Please ignore the above trolls, san_jose_gay and ime.
Marriage was really hard. She just did not want it to work. She was not going to allow it to work. She was completely unwilling to be any kind of a partner. Rather, once married everything was to be subordination to outside standards.
Never would she have engaged in sexual infidelity, as she wanted to be right.
Her infidelities were in her idolatrous relationship with money, and in the con artists she got involved with. Eventually I had the State of California act against some of them.
Even to this day the ex is very difficult to communicate with. When she does stuff, she does it in problematic ways, ways which cause problems for other people.
I have woken up in the mornings from nightmares of some how again being trapped in cohabitation with her. Then after some more minutes I remind myself that no such thing is true.
That vision of the woman in the kitchen, always cooking, but always not in anyway allowing partnership.
So as we know, 1+1 = 2. But in relationship situations another kind of math comes into play. Sometimes 1+1 = 3, or maybe 5.5, or maybe about 8.
But in our case 1+1 = 0.5, or maybe only 0.2.
It was just a big crippling, as she would not allow any kind of partnership or shared goals. She felt she had more power by always invoking outside norms, and backing these up via emotional terrorism.
Of course if I ever really acted on this, I'd be serving a life in prison term, if not dead now.
So I had to learn to control my temper, at all times, until I could never be provoked.

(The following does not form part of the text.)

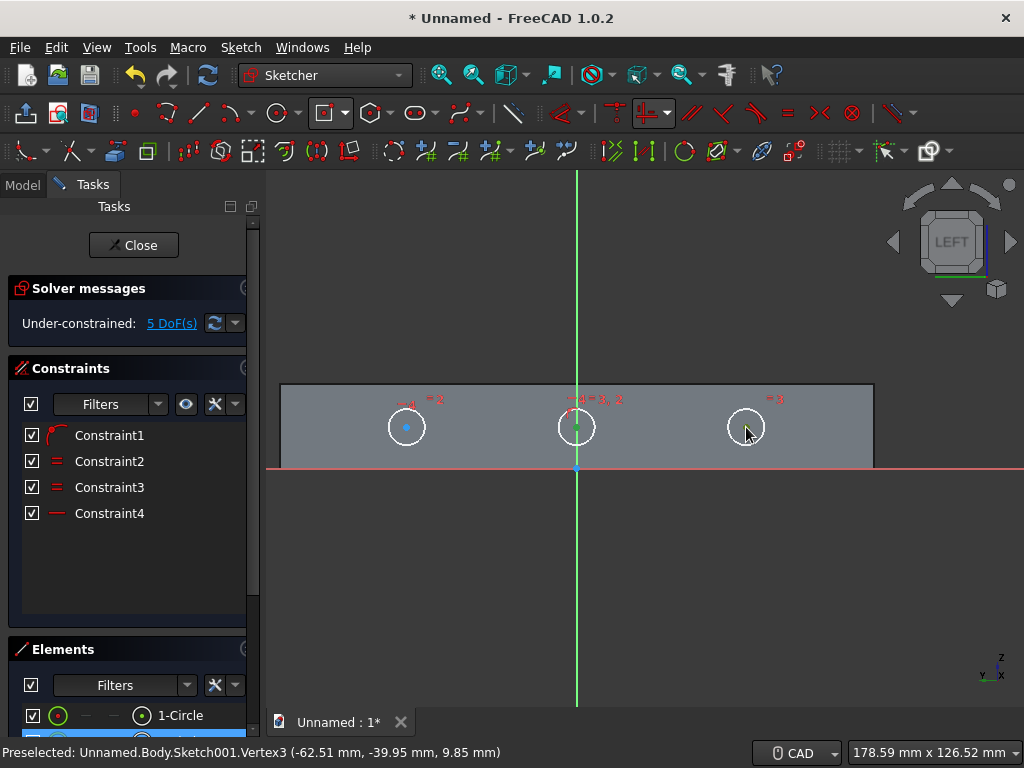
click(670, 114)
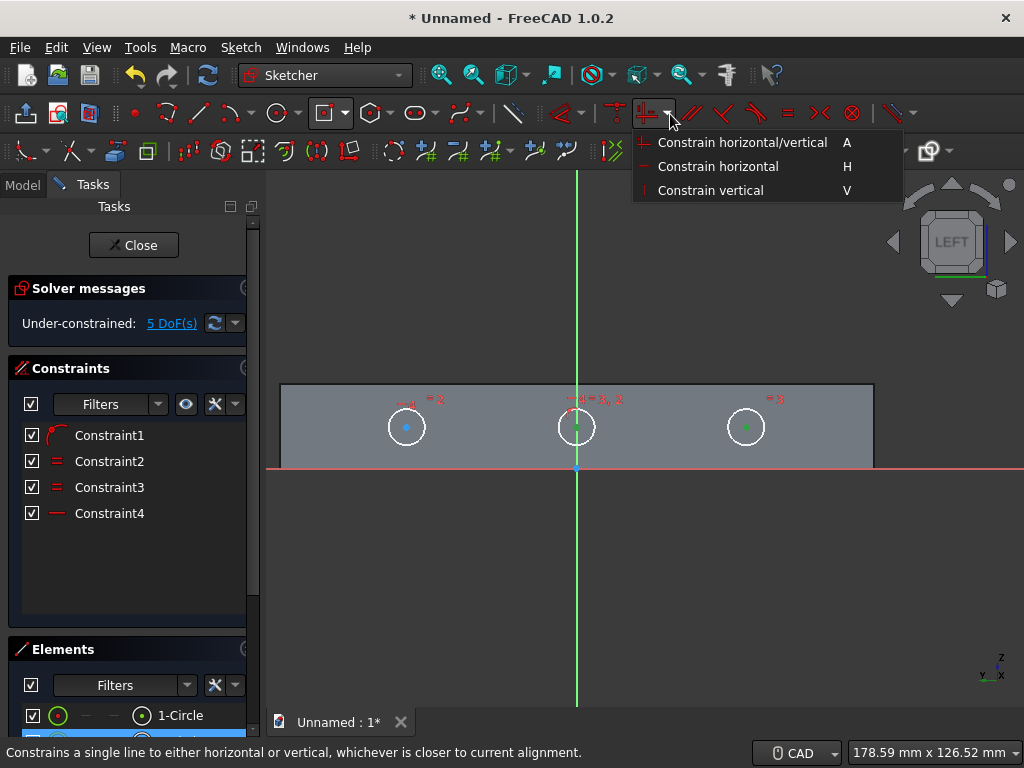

What she was trying to do always was to provoke me.
The woman in the kitchen, I don't ever want to go through that again, as it means she is there, but she is not allowing the marriage to work. It is just one big nightmare,
I most definitely would never want to live with a woman again. Its like having no home.
There could be some sort of a commune, where the men and women live separately and they control their area. That would be okay, as they would have to resolve all of their disputes themselves.
My ex had friends, and they were problematic. They compared married life. And this always meant trouble. Anything will mean trouble if there is no partnership.
Of her group of 7 high school friends, they all had had horrid marriages. So she followed them. And I saw one of her friends do the same thing myself.
I feel like I have survived something akin to a Death Camp. Death was to have been the only way out, and for so long I feared this.
Never again live with a woman, never again have a legal entanglement with a woman.